Trafficking of wildlife is perhaps the 4th largest form of black market trade int the world. Once wild animals are captured, dead or alive, from their natural environments (or released illegally from zoos for commercial trade) they are professional smuggled to urban areas or across borders en route to storage facilities or markets. As this crime trail moves beyond the jurisdiction of protected areas, every part of the enforcement chain must be trained to detect wildlife crime in order to find the culprits and prevent them from striking again.

Wild animals (dead and alive) are transported along their supply chains the same way legal commodities are, and are in fact often mixed with legal cargo on trucks, commercial airlines, ships, etc. Owners ands staff working in airports, seaports, and shipping companies do not know they are unwittingly facilitating trafficking, as they do not know what to look, what is illegal, and who to report to.

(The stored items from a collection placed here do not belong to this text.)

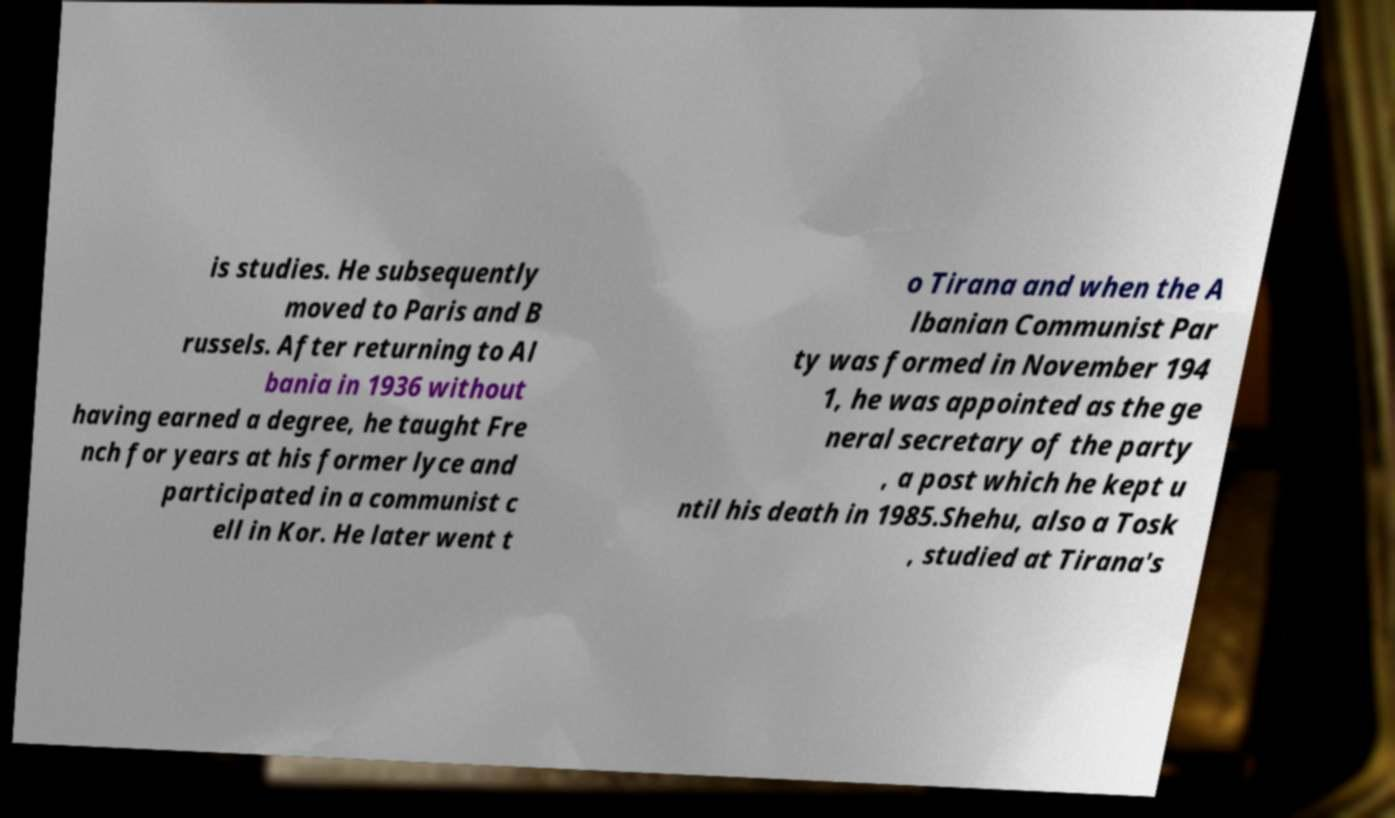Please identify and transcribe the text found in this image. is studies. He subsequently moved to Paris and B russels. After returning to Al bania in 1936 without having earned a degree, he taught Fre nch for years at his former lyce and participated in a communist c ell in Kor. He later went t o Tirana and when the A lbanian Communist Par ty was formed in November 194 1, he was appointed as the ge neral secretary of the party , a post which he kept u ntil his death in 1985.Shehu, also a Tosk , studied at Tirana's 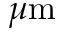<formula> <loc_0><loc_0><loc_500><loc_500>\mu m</formula> 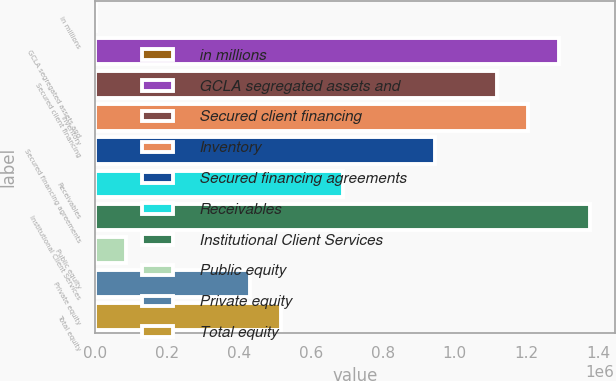Convert chart. <chart><loc_0><loc_0><loc_500><loc_500><bar_chart><fcel>in millions<fcel>GCLA segregated assets and<fcel>Secured client financing<fcel>Inventory<fcel>Secured financing agreements<fcel>Receivables<fcel>Institutional Client Services<fcel>Public equity<fcel>Private equity<fcel>Total equity<nl><fcel>2016<fcel>1.28924e+06<fcel>1.11761e+06<fcel>1.20342e+06<fcel>945980<fcel>688535<fcel>1.37505e+06<fcel>87830.9<fcel>431090<fcel>516905<nl></chart>

Freeland trains corporate staff to be aware of, and help prevent wildlife or human trafficking in their business area of responsibility. Staff working for airlines and airports, freight forwarders and seaports, as well as banks, hotels, and other companies are participating in Freeland training and awareness programs that create trafficking free zones. Here is one sample toolkit for the aviation industry developed by Freeland: https://www.c4cwt.org/

Frontline trainings like CTOC, DETECT, PROTECT are comprehensive guides to reducing wildlife crime. The programs mixes the theoretical and the practical with on-the-job training, forensics, and intelligence sharing, to list a few.